10. The last chapter of the book reports recent news events--Jim Bakker's fall from grace, the massacre in Tiananmen Square, President Reagan's politically incorrect speech about the plight of the American Indian, The Wall Street Journal and The New York Times reporting evidence of a Chinese wild man, headlines in the Weekly World News of a wounded Civil War soldier being found alive, and a report in the Worldwide Gazette of a "Flea Circus Horror." Why do you think the author ends the book this way?

11. What is the significance of Burke's little mermaid?

12. The main characters in Sarah Canary--a Chinese railway worker, a suffragist, an escaped mental patient, and a huckster--are all considered outcasts of the age. Who are their modern equivalents and how do their experiences differ from those of people who have been marginalized in the past?

13. One critic remarked that "Fowler has an uncompromising and informed political vision." How would you describe the author's political position and how does it shape the story?

14. Consider the following excerpt: "Sanity is a delicate concept, lunacy only slightly less so. Over the last few centuries, more and more of those phenomena once believed to belong to God have been assigned to the authority of the psychoanalyst instead. Some of the saints can be diagnosed in retrospect as epileptics. St. Theresa was almost certainly an hysteric. St. Ida of Lorraine seems to have suffered from perceptional insanity. She only thought her body was amplified to monstrous proportions in her desire to be acceptable to God.... The prognosis for such cases in our own age is excellent; saintliness can often be completely cured."

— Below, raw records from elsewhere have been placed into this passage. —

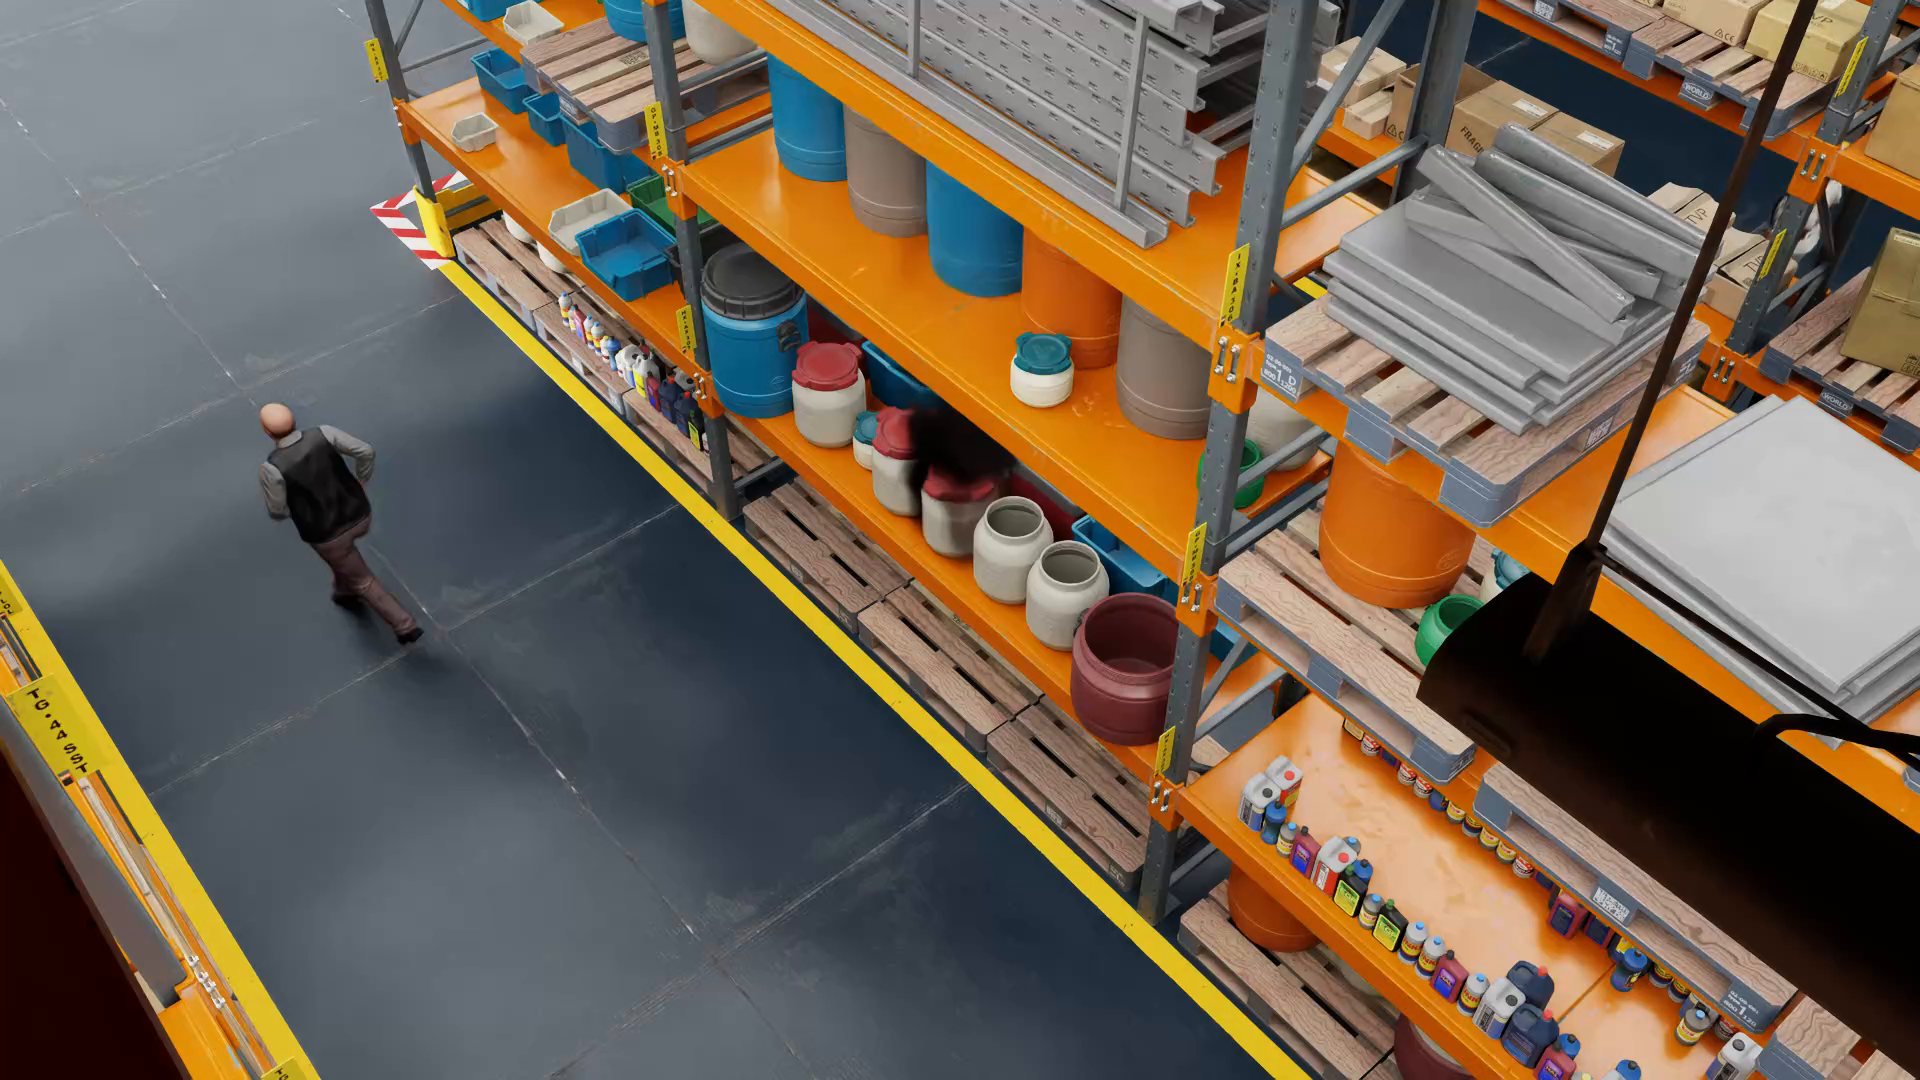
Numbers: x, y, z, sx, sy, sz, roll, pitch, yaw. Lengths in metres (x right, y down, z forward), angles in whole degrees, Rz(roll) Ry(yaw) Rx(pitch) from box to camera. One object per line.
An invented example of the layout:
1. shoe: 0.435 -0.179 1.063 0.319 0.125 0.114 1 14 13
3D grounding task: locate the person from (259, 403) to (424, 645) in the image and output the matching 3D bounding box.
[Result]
1. person: -3.632 -0.026 9.886 0.960 1.732 0.679 29 53 25

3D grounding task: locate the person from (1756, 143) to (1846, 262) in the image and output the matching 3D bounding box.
1. person: 5.967 -2.101 11.849 0.604 1.667 0.585 36 56 29
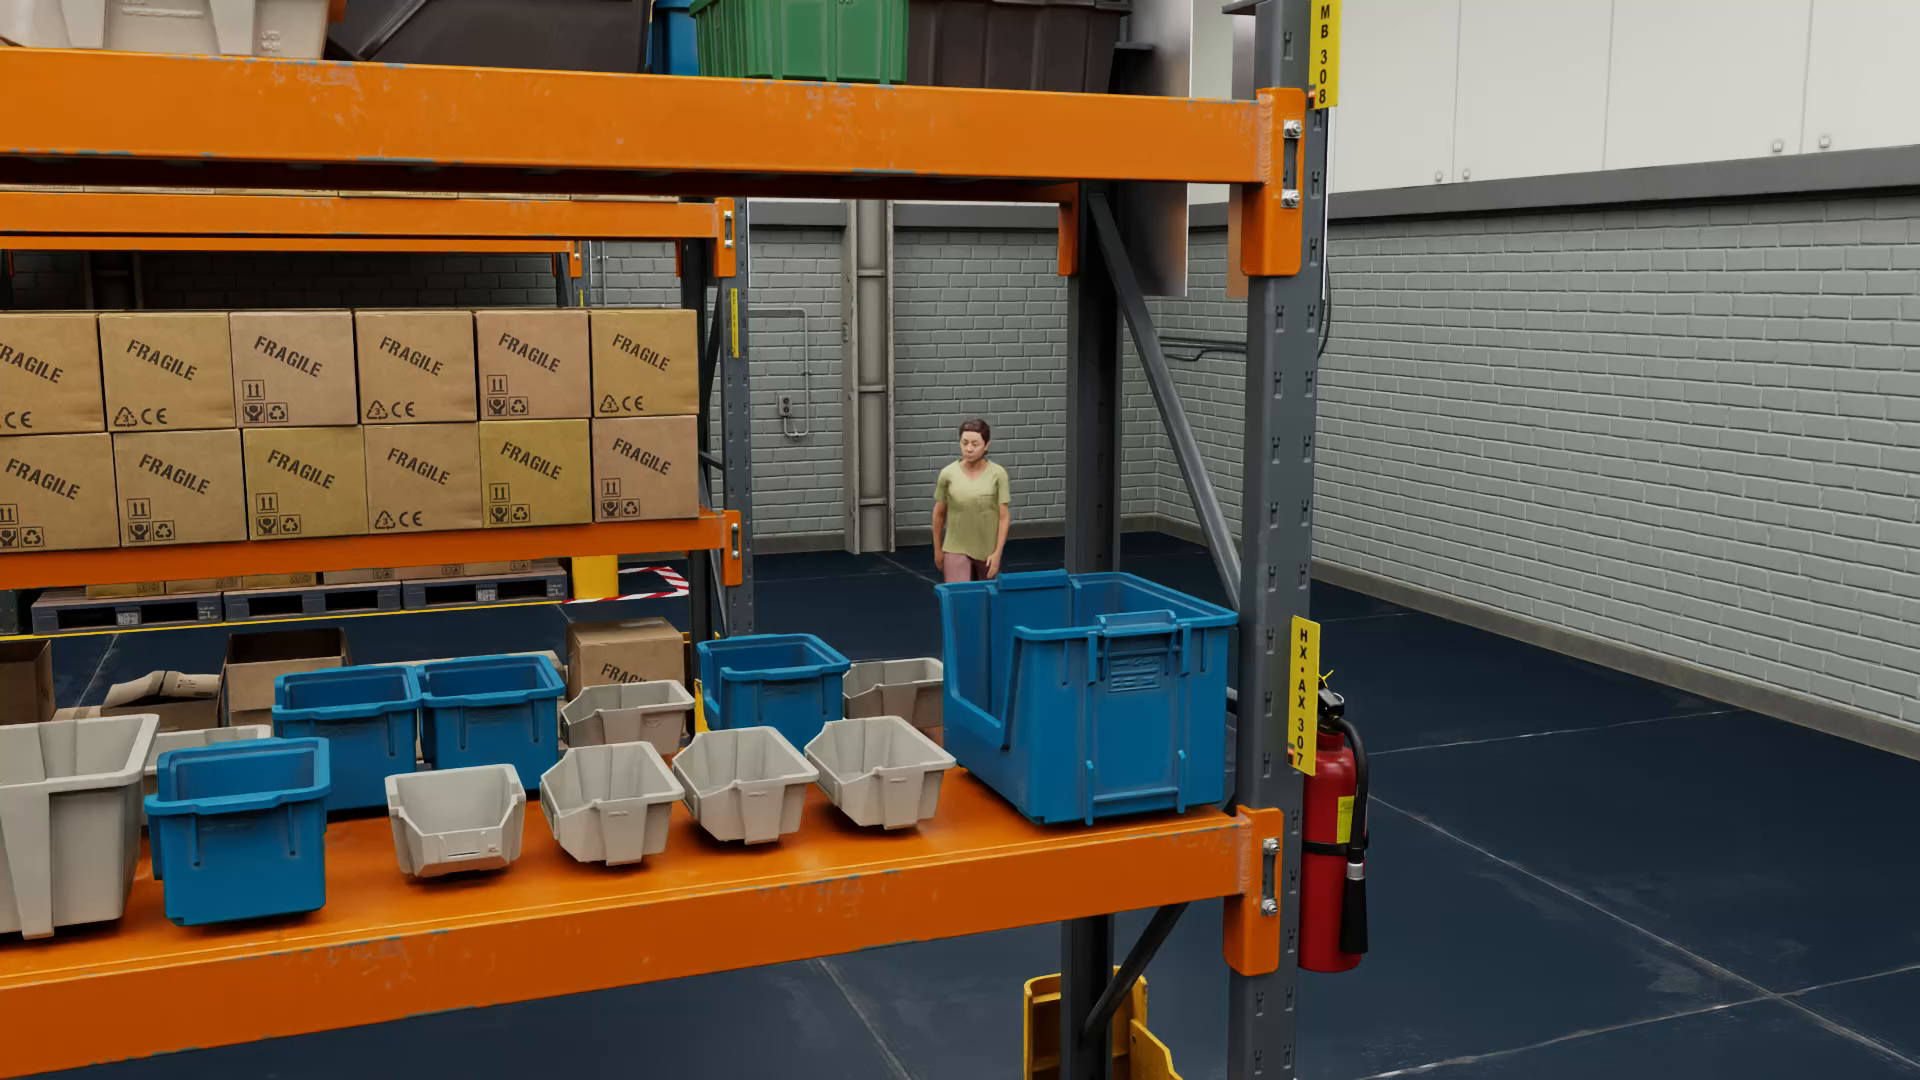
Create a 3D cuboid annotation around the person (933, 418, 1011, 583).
[{"bbox_3d":[0.075,0.078,9.884,0.461,1.610,1.066,-1,9,-4],"label":"person"}]

15. In the end, what do each of the characters gain as a result of their journey in pursuit of Sarah Canary? Are the characters better off for their experience?

16. Why is the story of Sarah Canary narrated by someone of the late twentieth century?

17. One critic remarked that the characters in Sarah Canary are "larger than life." Are the characters in the book realistic? Which character did you relate to most? Whose perception of Sarah Canary is closest to your own?

18. One reviewer wrote, "The author's message... is that at its core, America hasn't changed one whit since those rugged, lawless pioneer days [that serve as the setting for Sarah Canary]." Do you agree?

19. Karen Joy Fowler is a cocreator of the James Tiptree Jr. Memorial Award, which is presented, in her words, "to a short story or novel that explores or expands our understanding of gender... to remind the field of its own importance in the continual struggle to re-imagine more livable sexual roles for ourselves." Does Sarah Canary accomplish this goal? If so, how?